Love Anyway

I’ve never been particularly good with suffering. Avoidance? Insecurity? Hyper-control? Sure. Then my all-star qualities shine bright. But being insecure, hyper-controlling, and trying to avoid pain doesn’t a happy life make.

When I was twenty-one, I had the chance to meet my father after long years of separation at—of all places—the Art Institute of Chicago. I was meeting his second wife for the first time. And to make matters even more relaxed, I didn’t know a thing about modern art. But I did discover a latent sense of humor, which apparently shot to the surface like a geyser when under serious pressure.

I amused my dad, his wife, and even myself. Seeing absurdities in the uncomfortable world before me kept my eyes averted from haunting ghosts and garrulous gremlins.
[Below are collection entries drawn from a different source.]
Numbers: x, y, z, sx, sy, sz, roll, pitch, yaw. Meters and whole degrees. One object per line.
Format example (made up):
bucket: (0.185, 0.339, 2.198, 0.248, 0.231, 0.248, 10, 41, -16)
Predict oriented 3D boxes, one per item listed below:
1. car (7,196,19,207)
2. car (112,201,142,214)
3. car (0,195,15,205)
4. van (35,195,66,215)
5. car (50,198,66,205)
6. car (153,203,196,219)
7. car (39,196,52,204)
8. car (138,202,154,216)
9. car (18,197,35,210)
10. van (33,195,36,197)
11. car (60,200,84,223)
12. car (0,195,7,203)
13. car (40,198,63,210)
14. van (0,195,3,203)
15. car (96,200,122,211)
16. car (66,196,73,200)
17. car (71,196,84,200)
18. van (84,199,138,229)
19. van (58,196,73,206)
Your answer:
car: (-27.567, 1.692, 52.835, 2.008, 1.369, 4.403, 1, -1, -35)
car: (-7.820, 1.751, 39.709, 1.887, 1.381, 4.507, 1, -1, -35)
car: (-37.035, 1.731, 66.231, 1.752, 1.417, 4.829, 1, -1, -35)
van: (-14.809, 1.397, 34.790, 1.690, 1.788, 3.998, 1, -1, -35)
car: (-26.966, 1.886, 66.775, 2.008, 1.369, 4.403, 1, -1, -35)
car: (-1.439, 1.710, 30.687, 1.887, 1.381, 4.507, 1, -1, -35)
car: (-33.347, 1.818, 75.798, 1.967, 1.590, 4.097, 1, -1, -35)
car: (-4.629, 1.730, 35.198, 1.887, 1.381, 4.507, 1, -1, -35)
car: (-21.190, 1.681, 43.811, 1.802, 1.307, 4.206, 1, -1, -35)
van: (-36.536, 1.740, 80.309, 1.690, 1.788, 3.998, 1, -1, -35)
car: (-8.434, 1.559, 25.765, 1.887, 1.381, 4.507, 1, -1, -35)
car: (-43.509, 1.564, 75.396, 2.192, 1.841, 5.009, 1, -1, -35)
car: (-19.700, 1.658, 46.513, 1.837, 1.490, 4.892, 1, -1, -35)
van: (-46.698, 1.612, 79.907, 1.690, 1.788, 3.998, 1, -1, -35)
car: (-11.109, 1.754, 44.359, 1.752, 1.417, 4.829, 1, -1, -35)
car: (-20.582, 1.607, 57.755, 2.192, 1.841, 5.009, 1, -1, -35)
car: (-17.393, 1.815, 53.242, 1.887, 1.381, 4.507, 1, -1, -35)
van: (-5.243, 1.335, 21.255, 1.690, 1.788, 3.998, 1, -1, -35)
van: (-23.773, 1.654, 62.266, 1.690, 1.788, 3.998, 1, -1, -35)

Our conversation never veered toward my mom, my brothers or sisters, loss of childhood, alcoholism, substance abuse, or neglect. The conversation stayed right where it needed to be, focused on pictures hanging on walls, which none of us understood.

Contrary to every psychological theory I knew at the time, communication was not the key to our relationship. After that initial reunion, I visited my dad regularly. He attended my wedding, got to know my growing family, and became a steady fixture in my life. Even at the age of ninety, we still connect at least once a week. He may not remember my name some days, but he always remembers that he loves me. And that I love him.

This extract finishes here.